Comment 1 Fangge Jin 2021-04-15 09:39:18 UTC
Created attachment 1772108 [details]
logs from both src and dest hosts

Comment 2 Fangge Jin 2021-04-15 09:43:11 UTC
It can also be reproduced by "virsh destroy vm"

Comment 3 Fangge Jin 2021-04-15 09:52:54 UTC
libvirtd can respond to other virsh command, it is just migration process hangs.

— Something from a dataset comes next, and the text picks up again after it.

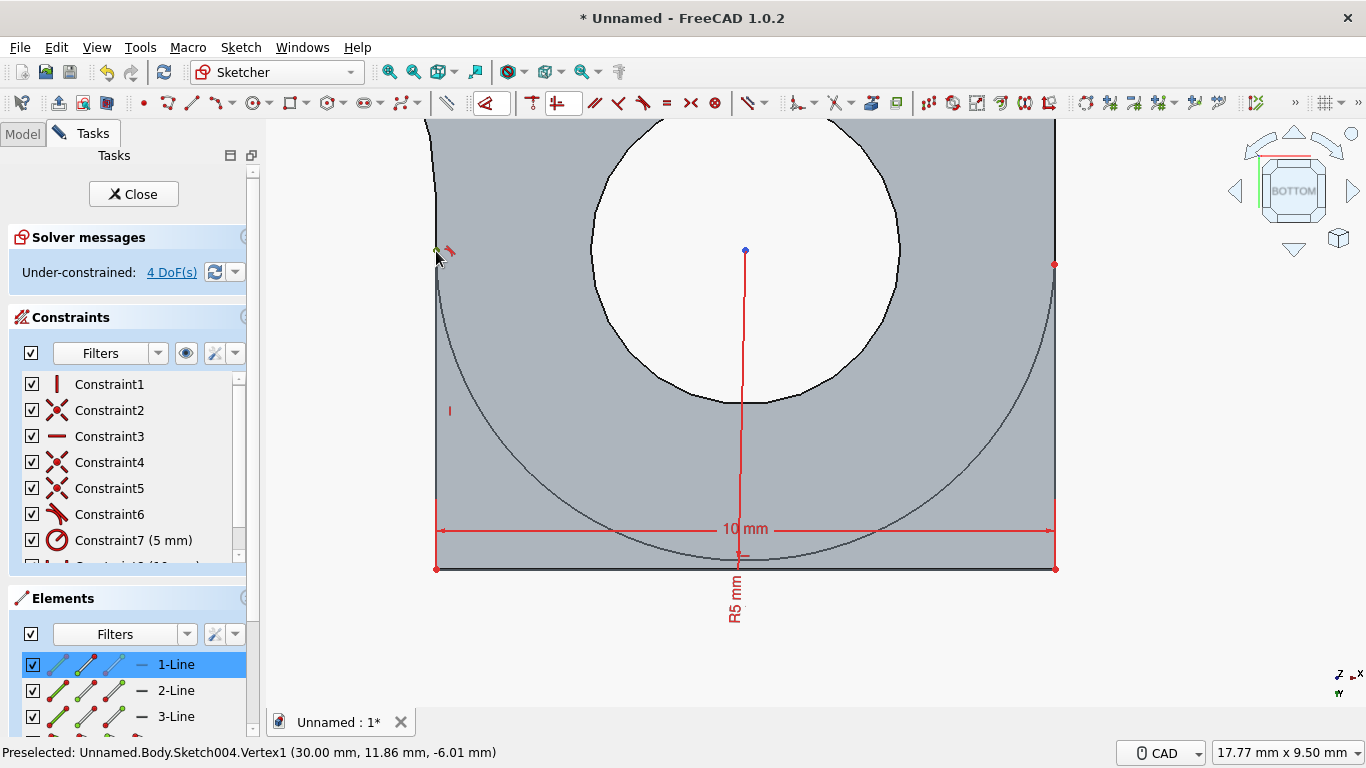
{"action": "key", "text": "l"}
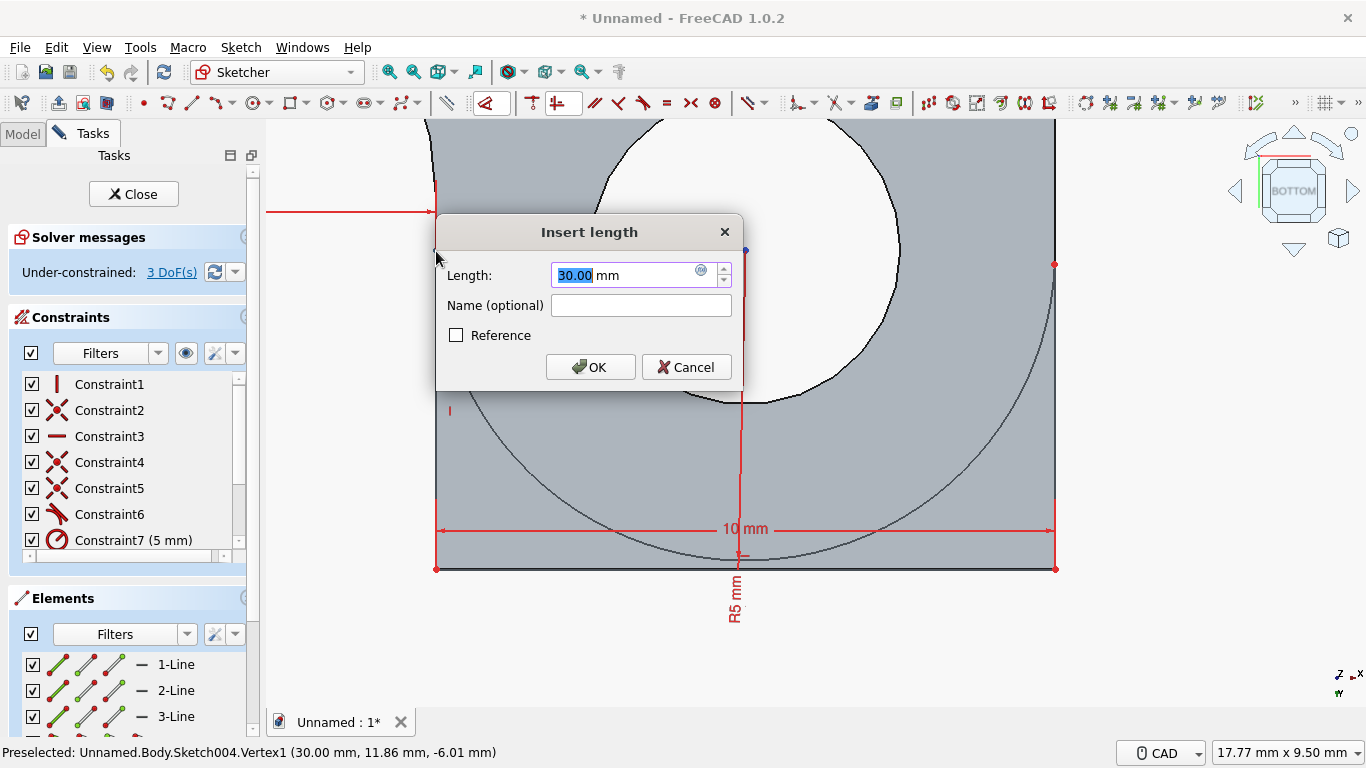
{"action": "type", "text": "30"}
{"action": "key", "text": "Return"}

Comment 5 Jiri Denemark 2021-07-16 15:09:06 UTC
A fix was sent upstream for review: https://listman.redhat.com/archives/libvir-list/2021-July/msg00451.html

Comment 6 Jiri Denemark 2021-07-16 15:11:57 UTC
*** Bug 1967715 has been marked as a duplicate of this bug. ***

Comment 7 Jiri Denemark 2021-07-19 13:51:49 UTC
This issue is fixed upstream by

commit 364995ed5708b71f2cab09c0416a66013f0a283f
Refs: v7.5.0-117-g364995ed57
Author:     Jiri Denemark <jdenemar>
AuthorDate: Fri Jul 16 15:52:50 2021 +0200
Commit:     Jiri Denemark <jdenemar>
CommitDate: Mon Jul 19 15:49:16 2021 +0200

    qemu: Signal domain condition in qemuProcessStop a bit later

    Signaling the condition before vm->def->id is reset to -1 is dangerous:
    in case a waiting thread wakes up, it does not see anything interesting
    (the domain is still marked as running) and just enters virDomainObjWait
    where it waits forever because the condition will never be signalled
    again.

    Originally it was impossible to get into such situation because the vm
    object was locked all the time between signaling the condition and
    resetting vm->def->id, but after commit 860a999802 released in 6.8.0,
    qemuDomainObjStopWorker called in qemuProcessStop between
    virDomainObjBroadcast and setting vm->def->id to -1 unlocks the vm
    object giving other threads a chance to wake up and possibly hang.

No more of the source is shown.